Bulan Nopember mendatang, penduduk Indonesia akan menghadapi perhelatan akbar. Perhelatan memilih gubernur, bupati dan walikota melalui sebuah proses politik bernama Pemilihan Kepala Daerah (Pilkada) secara serentak.
Seiring dengan itu, alat sosialisasi berupa baliho, spanduk, sampai stiker bertebaran dimana-mana. Alat itu berisi wajah orang berpenampilan necis. Disana tertulis slogan yang kira-kira akan dikerjakan sosok tersebut.
Dimata warga atau para pemilih, foto dengan slogan hebat itu belum tentu berpengaruh. Mereka merasa baliho itu tidak lebih papan iklan sebuah produk. Seganteng apapun sosok di baliho itu, jarang sekali kegantengannya yang dibahas para pemilih.
Lalu apa yang dibicarakan? Ada sebaris kalimat penting yang sering terdengar. Kata mereka, "siapapun jadi kepala daerah, tidak ada untungnya bagi kita. Petani tetap jadi petani, pedagang tetap berdagang, kerja serabutan ya begitu-begitu atau apalah."
Benar sekali apa yang mereka katakan. Selama tidak alih profesi, mereka tetap pada profesi awal. Padahal, petani, pedagang, atau pekerja serabutan punya hak dan berpeluang alih profesi.
Misalnya, seorang petani ingin menjadi anggota DPRD, boleh, tidak ada larangan. Syaratnya harus mengikuti kontestasi Pemilu legislatif yang diusung oleh partai peserta pemilu.
Pedagang atau pekerja serabutan punya hak menduduki posisi sebagai kepala dinas, atau pejabat eselon dua lainnya.
Dengan syarat, yang bersangkutan harus lulus tes CPNS. Kemudian meniti karir sebagai PNS hingga mencapai pangkat/golongan IV/b.

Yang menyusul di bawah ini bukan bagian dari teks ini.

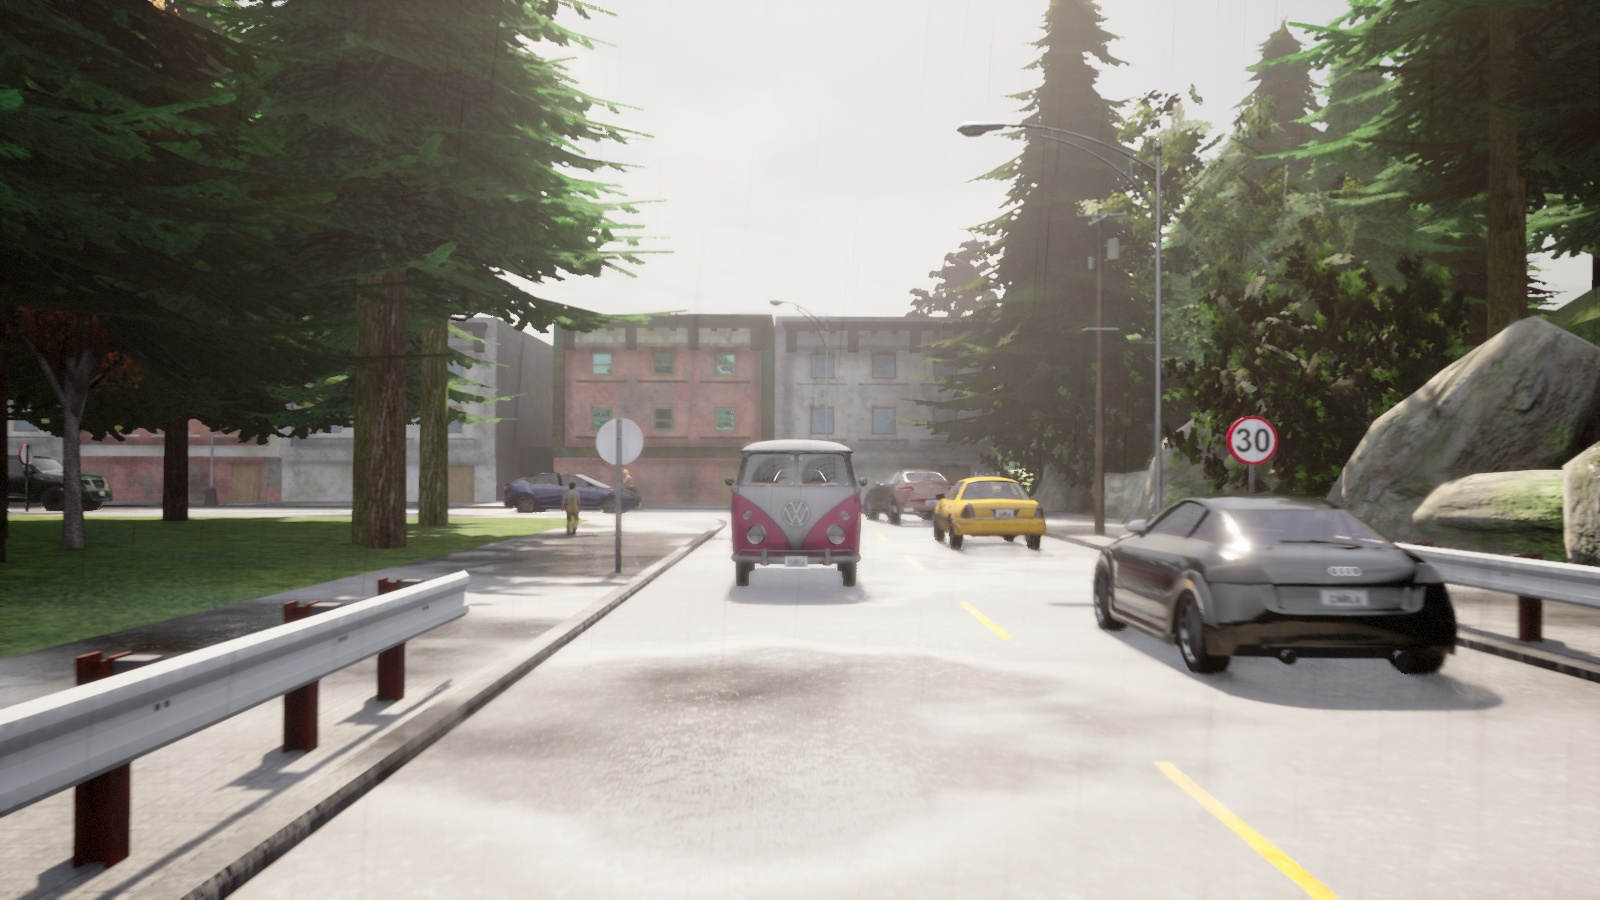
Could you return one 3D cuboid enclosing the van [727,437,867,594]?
[{"bbox_3d":[-0.046,0.874,18.228,1.775,1.987,4.442,0,-1,0],"label":"van"}]

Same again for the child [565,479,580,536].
[{"bbox_3d":[-5.146,1.300,28.367,0.270,1.263,0.437,0,-1,-2],"label":"child"}]

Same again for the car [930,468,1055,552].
[{"bbox_3d":[3.934,1.182,26.555,1.801,1.575,5.366,0,-1,0],"label":"car"}]

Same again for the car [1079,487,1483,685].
[{"bbox_3d":[3.972,1.051,11.252,1.994,1.385,4.181,0,-1,0],"label":"car"}]

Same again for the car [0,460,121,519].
[{"bbox_3d":[-27.333,1.385,44.302,5.566,2.045,2.150,0,-1,0],"label":"car"}]

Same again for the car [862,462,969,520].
[{"bbox_3d":[3.463,1.229,38.727,2.152,1.651,5.027,0,-1,-8],"label":"car"}]

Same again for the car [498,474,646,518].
[{"bbox_3d":[-7.962,1.586,44.184,4.792,1.488,2.163,0,-1,2],"label":"car"}]
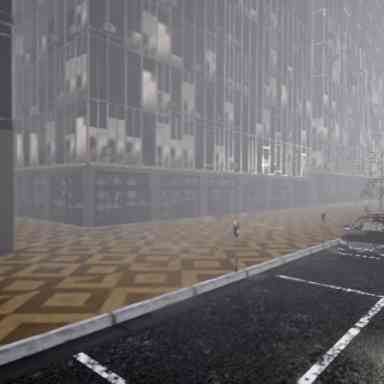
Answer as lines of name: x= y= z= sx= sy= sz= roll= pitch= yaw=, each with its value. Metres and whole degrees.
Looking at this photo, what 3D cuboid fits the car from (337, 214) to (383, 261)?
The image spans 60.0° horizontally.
car: x=6.301 y=1.439 z=11.159 sx=2.008 sy=1.369 sz=4.403 roll=1 pitch=1 yaw=42

Lantas apa untungnya apabila si Polan terpilih sebagai kepala daerah. Berbicara untung, kita sering menganalogikan dengan dagang. Beli sesisir pisang seharga Rp 5 ribu, olah jadi pisang goreng, terjual Rp 10 ribu. Artinya, kita untung Rp 5 ribu.
Untung memilih si Polan menjadi kepala daerah bukan seperti analogi berdagang tadi. Begini logikanya, dalam pasal 5 PP Nomor 58 Tahun 2005 tentang Pengelolaan Keuangan Daerah, bahwa kepala daerah adalah pemegang kekuasaan pengelolaan keuangan daerah.